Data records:
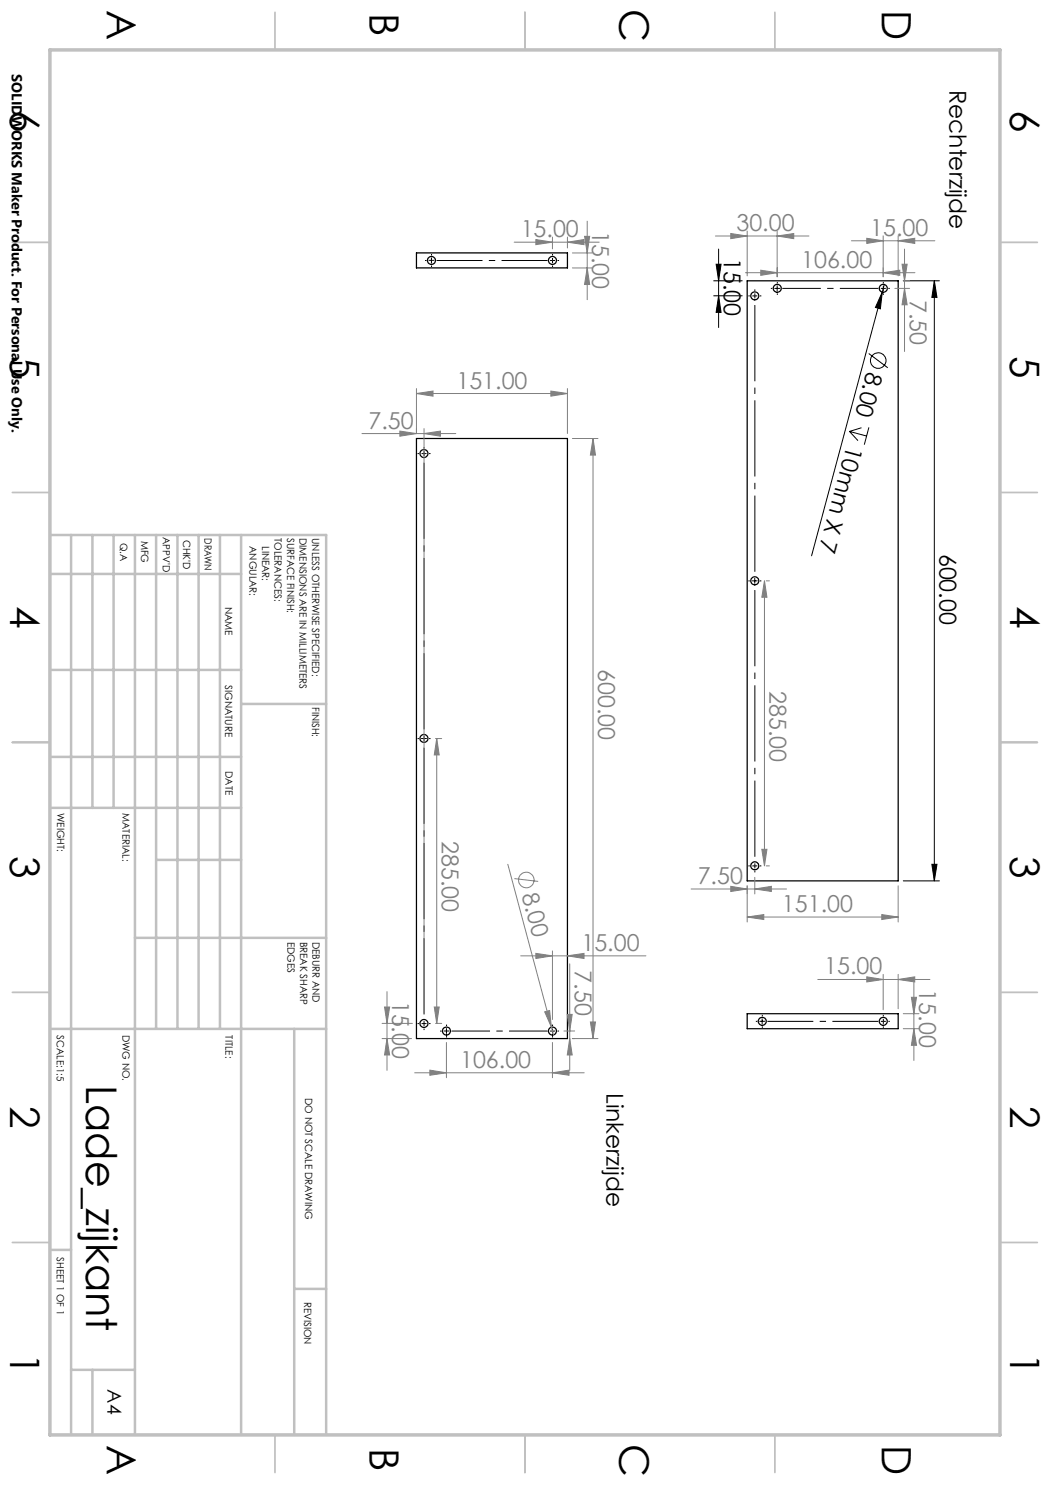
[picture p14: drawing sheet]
<svg xmlns="http://www.w3.org/2000/svg" width="210mm" height="297mm" viewBox="0 0 210 297" stroke-linecap="round" stroke-linejoin="round" font-family="sans-serif">
<defs><g id="words">
<text font-size="8.5" x="17.3" y="217" transform="rotate(90 17.3 217)">Lade_zijkant</text>
<g font-size="8.1">
<text x="21.4" y="2" transform="rotate(90 21.4 2)">A</text>
<text x="73.9" y="2.7" transform="rotate(90 73.9 2.7)">B</text>
<text x="123.9" y="1.7" transform="rotate(90 123.9 1.7)">C</text>
<text x="176.4" y="2" transform="rotate(90 176.4 2)">D</text>
<text x="2" y="22" transform="rotate(90 2 22)">6</text>
<text x="202" y="22" transform="rotate(90 202 22)">6</text>
<text x="2" y="71.2" transform="rotate(90 2 71.2)">5</text>
<text x="202" y="71.2" transform="rotate(90 202 71.2)">5</text>
<text x="2" y="121.2" transform="rotate(90 2 121.2)">4</text>
<text x="202" y="121.2" transform="rotate(90 202 121.2)">4</text>
<text x="2" y="171.3" transform="rotate(90 2 171.3)">3</text>
<text x="202" y="171.3" transform="rotate(90 202 171.3)">3</text>
<text x="2" y="221.3" transform="rotate(90 2 221.3)">2</text>
<text x="202" y="221.3" transform="rotate(90 202 221.3)">2</text>
<text x="2" y="270.5" transform="rotate(90 2 270.5)">1</text>
<text x="202" y="270.5" transform="rotate(90 202 270.5)">1</text>
<text x="21.4" y="289" transform="rotate(90 21.4 289)">A</text>
<text x="73.9" y="289.7" transform="rotate(90 73.9 289.7)">B</text>
<text x="123.9" y="288.7" transform="rotate(90 123.9 288.7)">C</text>
<text x="176.4" y="289" transform="rotate(90 176.4 289)">D</text>
</g>
<g font-size="4.7">
<text x="189.9" y="18" transform="rotate(90 189.9 18)">Rechterzijde</text>
<text x="144.8" y="51.6" transform="rotate(90 144.8 51.6)">15.00</text>
<text x="173.3" y="74.2" transform="rotate(105 173.3 74.2)">8.00</text>
<text x="169.4" y="89" transform="rotate(105 169.4 89)">10mm X 7</text>
<text x="187.9" y="110.7" transform="rotate(90 187.9 110.7)">600.00</text>
<text x="121.3" y="218.5" transform="rotate(90 121.3 218.5)">Linkerzijde</text>
</g>
<g font-size="4.7" fill="#808080">
<text x="104.1" y="47.4">15.00</text>
<text x="118.5" y="46.2" transform="rotate(90 118.5 46.2)">15.00</text>
<text x="147.3" y="46.2">30.00</text>
<text x="174.1" y="47.2">15.00</text>
<text x="160.2" y="53.6">106.00</text>
<text x="181.9" y="60" transform="rotate(90 181.9 60)">7.50</text>
<text x="91.3" y="77.7">151.00</text>
<text x="73.7" y="85.7">7.50</text>
<text x="119.6" y="133.8" transform="rotate(90 119.6 133.8)">600.00</text>
<text x="153.9" y="138.1" transform="rotate(90 153.9 138.1)">285.00</text>
<text x="88.4" y="168.2" transform="rotate(90 88.4 168.2)">285.00</text>
<text x="104.3" y="178.9" transform="rotate(75 104.3 178.9)">8.00</text>
<text x="139.5" y="176.8">7.50</text>
<text x="156.4" y="182.4">151.00</text>
<text x="116.3" y="190.2">15.00</text>
<text x="115" y="194.1" transform="rotate(90 115 194.1)">7.50</text>
<text x="164.9" y="194.9">15.00</text>
<text x="183.8" y="197.9" transform="rotate(90 183.8 197.9)">15.00</text>
<text x="78.4" y="200.1" transform="rotate(90 78.4 200.1)">15.00</text>
<text x="92" y="213.6">106.00</text>
</g>
<text font-size="3.9" x="21.5" y="277.9" transform="rotate(90 21.5 277.9)">A4</text>
<text font-size="2.9" x="2.4" y="14.9" transform="rotate(90 2.4 14.9)">SOLIDWORKS Maker Product. For Personal Use Only.</text>
<g font-size="2">
<text x="32.6" y="107.4" transform="rotate(90 32.6 107.4)">APPV'D</text>
<text x="36.7" y="107.9" transform="rotate(90 36.7 107.9)">CHK'D</text>
<text x="40.9" y="107.6" transform="rotate(90 40.9 107.6)">DRAWN</text>
<text x="54.9" y="107.6" transform="rotate(90 54.9 107.6)">TOLERANCES:</text>
<text x="57.4" y="107.6" transform="rotate(90 57.4 107.6)">SURFACE FINISH:</text>
<text x="59.9" y="107.6" transform="rotate(90 59.9 107.6)">DIMENSIONS ARE IN MILLIMETERS</text>
<text x="62.4" y="107.6" transform="rotate(90 62.4 107.6)">UNLESS OTHERWISE SPECIFIED:</text>
<text x="24" y="108.5" transform="rotate(90 24 108.5)">Q.A</text>
<text x="28.2" y="108.1" transform="rotate(90 28.2 108.1)">MFG</text>
<text x="49.9" y="109.2" transform="rotate(90 49.9 109.2)">ANGULAR:</text>
<text x="52.4" y="109.2" transform="rotate(90 52.4 109.2)">LINEAR:</text>
<text x="45" y="121.3" transform="rotate(90 45 121.3)">NAME</text>
<text x="45.1" y="137" transform="rotate(90 45.1 137)">SIGNATURE</text>
<text x="62.4" y="141.4" transform="rotate(90 62.4 141.4)">FINISH:</text>
<text x="45.1" y="154.2" transform="rotate(90 45.1 154.2)">DATE</text>
<text x="11.5" y="162.6" transform="rotate(90 11.5 162.6)">WEIGHT:</text>
<text x="24.5" y="162.6" transform="rotate(90 24.5 162.6)">MATERIAL:</text>
<text x="57.5" y="188.3" transform="rotate(90 57.5 188.3)">EDGES</text>
<text x="60" y="188.3" transform="rotate(90 60 188.3)">BREAK SHARP</text>
<text x="62.5" y="188.3" transform="rotate(90 62.5 188.3)">DEBURR AND</text>
<text x="11.4" y="207.1" transform="rotate(90 11.4 207.1)">SCALE:1:5</text>
<text x="24.5" y="207" transform="rotate(90 24.5 207)">DWG NO.</text>
<text x="45.1" y="207.1" transform="rotate(90 45.1 207.1)">TITLE:</text>
<text x="61" y="219.6" transform="rotate(90 61 219.6)">DO NOT SCALE DRAWING</text>
<text x="11.4" y="251.5" transform="rotate(90 11.4 251.5)">SHEET 1 OF 1</text>
<text x="60.8" y="260.3" transform="rotate(90 60.8 260.3)">REVISION</text>
</g>
</g></defs>
<g fill="none" stroke="#000" stroke-width=".25">
<path d="M83.3 50.6h30.2v3h-30.2zM149.4 56.2h30.2v120h-30.2zM83.3 87.7h30.2v120h-30.2zM149.4 202.7h30.2v3h-30.2z"/>
<circle cx="86.3" cy="52.1" r=".81"/>
<circle cx="110.5" cy="52.1" r=".81"/>
<circle cx="151" cy="59.2" r=".81"/>
<circle cx="155.5" cy="57.7" r=".8"/>
<circle cx="176.7" cy="57.7" r=".8"/>
<circle cx="84.8" cy="90.7" r=".8"/>
<circle cx="151" cy="116.2" r=".82"/>
<circle cx="84.8" cy="147.7" r=".8"/>
<circle cx="151" cy="173.1" r=".81"/>
<circle cx="84.8" cy="204.7" r=".8"/>
<circle cx="89.3" cy="206.2" r=".81"/>
<circle cx="110.5" cy="206.2" r=".81"/>
<circle cx="152.5" cy="204.3" r=".8"/>
<circle cx="176.7" cy="204.3" r=".8"/>
</g>
<g fill="none" stroke="#000" stroke-width=".2">
<path d="M85.8 52.1h1M86.3 51.6v1M142.7 59.2h5.7M142.7 56.2h5.7M143.2 52.8h1l-.5 3.4zM143.7 49.8v15.7M143.7 59.2l.5 3.3h-1zM154.9 57.7h1.1M155.4 57.1v1.1M176.5 58.4l-.4 3.4-1-.3zM176.5 58.4l-14.2 52.8M176.8 56.9l-.3 1.5"/>
<path d="M180.7 56.2h7.2M186.9 56.2v120M186.9 56.2l.5 3.3h-1zM173.7 70.7l3.9 2.9M169.9 86.3l3.4 .9M169.9 86.3l1.7 1.8M172.3 85.5l-2.4 .8M173.8 85.5l-.9 3.4M150.5 116.2h.9M151 115.7v1M84.3 147.7h1M84.8 147.2v1"/>
<path d="M180.7 176.2h7.2M186.4 172.9h1l-.5 3.3zM88.8 206.2h1M89.3 205.7v1M151.9 204.3h1.1M152.4 203.8v1"/>
<circle cx="175.6" cy="72.1" r="1.56"/>
</g>
<g fill="none" stroke="#808080" stroke-width=".2">
<path d="M102.8 48.4h17M107.2 47.9l3.3 .5-3.3 .5zM110.5 47.4v2.4M113.5 48.4l3.3-.5v1zM113.5 47.4v2.2M114.5 53.6h3.9M114.5 50.6h3.9M116.9 47.3h1l-.5 3.3zM117.4 44.2v15.7M117.4 53.6l.5 3.3h-1zM143.1 47.2h18.7M146.2 46.7l3.2 .5-3.2 .5z"/>
<path d="M149.1 54.5h33.9M149.4 46.2v9M152.2 54l3.2 .5-3.2 .6zM155.4 47.2l3.4-.5v1zM155.4 46.2v9.2M170.3 48.2h16.7M173.4 47.7l3.2 .5-3.2 .5zM176.6 54.5l3.4-.5v1.1zM176.6 47.2v8.2M179 57.7h2.9M179.6 48.2l3.4-.5v1zM179.6 47.2v8"/>
<path d="M180.4 52.8h1l-.5 3.4zM180.7 56.2h1.2M180.9 49.8v20.5M180.9 57.7l.5 3.3h-1zM83.3 78.7l3.3-.5v1zM83.3 77.7v9M83.3 78.7h30.2M110.2 78.2l3.3 .5-3.3 .5zM113.5 77.7v9M72.4 86.7h18.8M80 86.2l3.3 .5-3.3 .5zM84.8 86.7l3.3-.5v1z"/>
<path d="M84.8 85.7v116.7M114.5 87.7h5.1M118.6 87.7v120M118.6 87.7l.5 3.3h-1zM152.9 116.2v57M152.9 116.2l.5 3.3h-1zM153.2 116.2h.7M87.1 147.7h1.2M87.3 147.7v57M87.3 147.7l.5 3.3h-.9zM101.6 172.9l8.7 32.5M102.9 175.7l4.7 .6"/>
<path d="M138.2 177.8h19.1M146.2 177.3l3.2 .5-3.2 .5zM149.4 177.2v7.2M151 177.8l3.3-.5v1zM151 175.5v3.3M152.4 169.9h1l-.5 3.3zM153.2 173.2h.7M179.6 177.2v7.2M77.4 198.3v15.8M104.1 191.2h25.1M107.2 190.7l3.3 .5-3.3 .5zM110.5 190.2v13.7"/>
<path d="M113.5 191.2l3.3-.5v1zM113.9 192.8v21.3M149.4 183.4l3.4-.5v1zM149.4 183.4h30.2M163.5 195.9h22.5M173.4 195.4l3.2 .5-3.2 .5zM176.4 182.9l3.2 .5-3.2 .5zM176.6 194.9v7.1M179.6 195.9l3.4-.5v1zM179.6 194.9v6.9M182.3 199.5h1l-.5 3.2zM182.8 196.4v15.7"/>
<path d="M76.4 207.7h5.9M76.4 204.7h6.1M76.9 201.4h1l-.5 3.3zM77.4 207.7l.5 3.3h-1zM82.9 214.6h33.9M86 214l3.3 .6-3.3 .5zM86.9 201.4h.9l-.5 3.3zM87.1 204.7h1.2M89.3 208.5v7M108.9 202.4l1-.3 .4 3.3zM110.3 205.4l.4 1.6M110.5 214.6l3.3-.6v1.1z"/>
<path d="M110.5 208.5v7M112.8 206.2h2.1M113.5 202.9h.9l-.5 3.3zM113.9 207.7l.5 3.3h-.9zM114.5 207.7h5.1M118.1 204.4h1l-.5 3.3zM180.7 202.7h3.1M180.7 205.7h3.1M182.8 205.7l.5 3.4h-1z"/>
<circle cx="105.3" cy="176" r="1.56"/>
</g>
<g fill="none" stroke="#000" stroke-width=".2" stroke-dasharray="15.2 1.3 1.3 1.3" stroke-linecap="butt">
<path d="M85.3 52.1h-.3M86.3 51.1v-.3M86.3 53.1v.3M110.5 52.1h.5M110.5 52.1v-.5M110.5 52.1h-.5M110.5 52.1v.5M110.5 51.1v-.3M110.5 53.1v.3M111.5 52.1h.3M150 59.2h-.3M151 59.2h.5"/>
<path d="M151 59.2v-.5M151 59.2h-.5M151 59.2v.5M151 58.2v-.3M152 59.2h.3M154.5 57.7h-.3M155.5 56.7v-.3M155.5 58.7v.3M176.7 57.7h.5M176.7 57.7v-.5M176.7 57.7h-.5M176.7 57.7v.5"/>
<path d="M176.7 56.7v-.3M176.7 58.7v.3M177.7 57.7h.3M83.8 90.7h-.3M84.8 90.7h.5M84.8 90.7v-.5M84.8 90.7h-.5M84.8 90.7v.5M84.8 89.7v-.3M85.8 90.7h.3M150 116.2h-.3M152 116.2h.3"/>
<path d="M83.8 147.7h-.3M85.8 147.7h.3M150 173.2h-.3M151 173.2h.5M151 173.2v-.5M151 173.2h-.5M151 173.2v.5M151 174.2v.3M152 173.2h.3M83.8 204.7h-.3M84.8 204.7h.5M84.8 204.7v-.5"/>
<path d="M84.8 204.7h-.5M84.8 204.7v.5M84.8 205.7v.3M85.8 204.7h.3M88.3 206.2h-.3M89.3 205.2v-.3M89.3 207.2v.3M110.5 206.2h.5M110.5 206.2v-.5M110.5 206.2h-.5M110.5 206.2v.5M110.5 205.2v-.3"/>
<path d="M110.5 207.2v.3M111.5 206.2h.3M151.5 204.3h-.3M152.5 203.3v-.3M152.5 205.3v.3M176.7 204.3h.5M176.7 204.3v-.5M176.7 204.3h-.5M176.7 204.3v.5M176.7 203.3v-.3M176.7 205.3v.3M177.7 204.3h.3"/>
</g>
<path d="M87.3 52.1h22.2M153.5 204.3h22.2" fill="none" stroke="#000" stroke-width=".2" stroke-dasharray="15.2 1.3 1.3 1.3" stroke-dashoffset="6" stroke-linecap="butt"/>
<path d="M151 60.2v55M84.8 91.7v55M151 117.2v55M84.8 148.7v55" fill="none" stroke="#000" stroke-width=".2" stroke-dasharray="15.2 1.3 1.3 1.3" stroke-dashoffset="-.8" stroke-linecap="butt"/>
<path d="M156.5 57.7h19.2M90.3 206.2h19.2" fill="none" stroke="#000" stroke-width=".2" stroke-dasharray="15.2 1.3 1.3 1.3" stroke-dashoffset="7.5" stroke-linecap="butt"/>
<g fill="none" stroke="#c0c0c0" stroke-width=".35">
<path d="M55 2.5v7.5M105 2.5v7.5M155 2.5v7.5M2.5 48.5h7.5M200 48.5h7.5M2.5 98.5h7.5M200 98.5h7.5M2.5 148.5h7.5M200 148.5h7.5M2.5 198.5h7.5M200 198.5h7.5M2.5 248.5h7.5"/>
<path d="M200 248.5h7.5M55 287v7.5M105 287v7.5M155 287v7.5"/>
</g>
<g fill="none" stroke="#c0c0c0" stroke-width=".5">
<path d="M10 107h55.2v180M10 114.8h38.2M14.2 107v180M18.5 107v54.6M22.7 107v54.6M27 107v180M31.2 107v98.8M35.5 107v98.8M39.7 107v98.8M44 107v98.8M48.2 107v180M10 134h38.2"/>
<path d="M10 151.4h38.2M48.2 140.8h17M10 161.6h38.2M31.2 172h17M27 187.6h38.2M10 205.8h55.2M58.8 205.8v81.2M10 250h4.2M58.8 257.8h6.4M14.2 274h12.8M18.5 274v13"/>
</g>
<path d="M10 10h190v277h-190z" fill="none" stroke="#c0c0c0" stroke-width=".7"/>
<g fill="#000">
<path d="M176.5 58.4l-.4 3.4-1-.3z"/>
<path d="M143.7 59.2l.5 3.3h-1zM143.2 52.8h1l-.5 3.4z"/>
<path d="M186.9 56.2l.5 3.3h-1zM186.4 172.9h1l-.5 3.3z"/>
</g>
<g fill="#808080">
<path d="M108.9 202.4l1-.3 .4 3.3z"/>
<path d="M180.9 57.7l.5 3.3h-1zM180.4 52.8h1l-.5 3.4zM118.1 204.4h1l-.5 3.3zM118.6 87.7l.5 3.3h-1zM117.4 53.6l.5 3.3h-1zM116.9 47.3h1l-.5 3.3z"/>
<path d="M152.9 116.2l.5 3.3h-1zM152.4 169.9h1l-.5 3.3zM182.3 199.5h1l-.5 3.2zM182.8 205.7l.5 3.4h-1zM87.3 147.7l.5 3.3h-.9zM86.9 201.4h.9l-.5 3.3zM113.5 202.9h.9l-.5 3.3zM113.9 207.7l.5 3.3h-.9zM76.9 201.4h1l-.5 3.3zM77.4 207.7l.5 3.3h-1z"/>
<path d="M173.4 47.7l3.2 .5-3.2 .5zM179.6 48.2l3.4-.5v1zM149.4 183.4l3.4-.5v1zM176.4 182.9l3.2 .5-3.2 .5zM173.4 195.4l3.2 .5-3.2 .5zM179.6 195.9l3.4-.5v1zM107.2 190.7l3.3 .5-3.3 .5zM113.5 191.2l3.3-.5v1zM107.2 47.9l3.3 .5-3.3 .5zM113.5 48.4l3.3-.5v1z"/>
<path d="M155.4 47.2l3.4-.5v1zM146.2 46.7l3.2 .5-3.2 .5zM151 177.8l3.3-.5v1zM146.2 177.3l3.2 .5-3.2 .5zM176.6 54.5l3.4-.5v1.1zM152.2 54l3.2 .5-3.2 .6zM84.8 86.7l3.3-.5v1zM80 86.2l3.3 .5-3.3 .5zM110.5 214.6l3.3-.6v1.1zM86 214l3.3 .6-3.3 .5zM110.2 78.2l3.3 .5-3.3 .5zM83.3 78.7l3.3-.5v1z"/>
</g>
<use href="#words"/>
</svg>

▶ _Your instructions_: Pull every line with "linecap" from the records.

▶ _Solution for this exercise_:
<svg xmlns="http://www.w3.org/2000/svg" width="210mm" height="297mm" viewBox="0 0 210 297" stroke-linecap="round" stroke-linejoin="round" font-family="sans-serif">
<g fill="none" stroke="#000" stroke-width=".2" stroke-dasharray="15.2 1.3 1.3 1.3" stroke-linecap="butt">
<path d="M87.3 52.1h22.2M153.5 204.3h22.2" fill="none" stroke="#000" stroke-width=".2" stroke-dasharray="15.2 1.3 1.3 1.3" stroke-dashoffset="6" stroke-linecap="butt"/>
<path d="M151 60.2v55M84.8 91.7v55M151 117.2v55M84.8 148.7v55" fill="none" stroke="#000" stroke-width=".2" stroke-dasharray="15.2 1.3 1.3 1.3" stroke-dashoffset="-.8" stroke-linecap="butt"/>
<path d="M156.5 57.7h19.2M90.3 206.2h19.2" fill="none" stroke="#000" stroke-width=".2" stroke-dasharray="15.2 1.3 1.3 1.3" stroke-dashoffset="7.5" stroke-linecap="butt"/>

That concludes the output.